Morose manufacturers crush confidence

Two separate surveys have found that business confidence has plummeted, putting recovery at risk.

by Emma Haslett
Last Updated: 06 Nov 2012
More signs this morning that the recovery is likely to be longer and more drawn-out  than expected: two separate surveys have suggested that business confidence has dropped over the past few months. While accountancy firm BDO’s Business Trends Index has dropped from 95.6 in June, to 95.1 in July (to put that into context, that’s its lowest level since January), the Chartered Institute of Personnel and Development indicates that’s going to hit the jobs market hard: its net employment index, which compares the number of employers planning to recruit with those planning to make redundancies, has fallen to -1 over the past three months, down from +3 in the previous quarter.

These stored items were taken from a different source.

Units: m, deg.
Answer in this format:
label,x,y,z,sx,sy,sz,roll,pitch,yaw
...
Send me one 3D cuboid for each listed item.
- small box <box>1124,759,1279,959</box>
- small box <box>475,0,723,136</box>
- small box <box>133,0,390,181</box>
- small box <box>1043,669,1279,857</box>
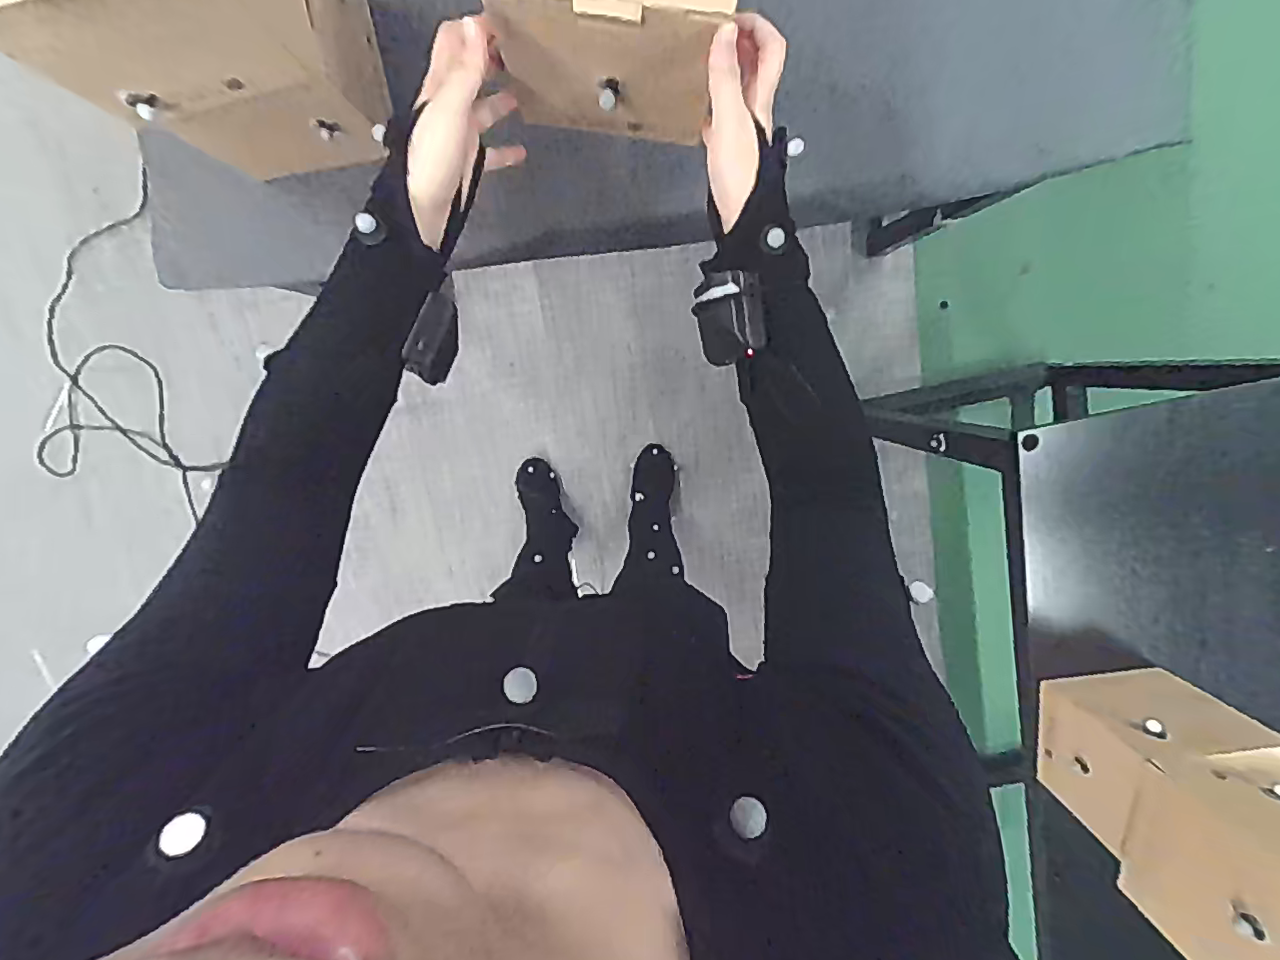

In short: it’s not looking good…

The interesting thing about both surveys is that they suggest this is largely thanks to a decline in confidence among manufacturers. So while the BDO figures suggest the manufacturing sector has now contracted for the second month in a row, the CIPD’s survey found the industry’s plans to increase the number of jobs has fallen from a decidedly optimistic +32 three months ago, to just +11. Now, that’s obviously still a positive thing – but given the Government has pinned many of its hopes for recovery on a return to ‘Made In Britain’-style manufacturing, it’s still not positive enough.

As for the rest of the figures, the CIPD survey shows that confidence among public sector employers is still lingering in the doldrums, at -51, compared to -52 three months ago. Of course, given the Government’s frantic cost-cutting, that’s to be expected – but what’s more worrying is that the private sector’s confidence has dropped, from +32 in the previous quarter, to +23. That suggests optimism among private sector employers isn’t as high as the Government would like, if it’s to absorb all those from the public sector who have lost their jobs.

Gerwyn Davies, the CIPD’s public policy adviser, points out that businesses need improved access to finance to help them grow. But that doesn’t paint the entire picture: with the prices of raw materials rising and the pound remaining stubbornly low, costs for businesses are going up, meaning the idea of paying new salaries or investing in growth is less attractive than it once was. Which doesn’t bode at all well for the prospects of recovery. Happy Monday…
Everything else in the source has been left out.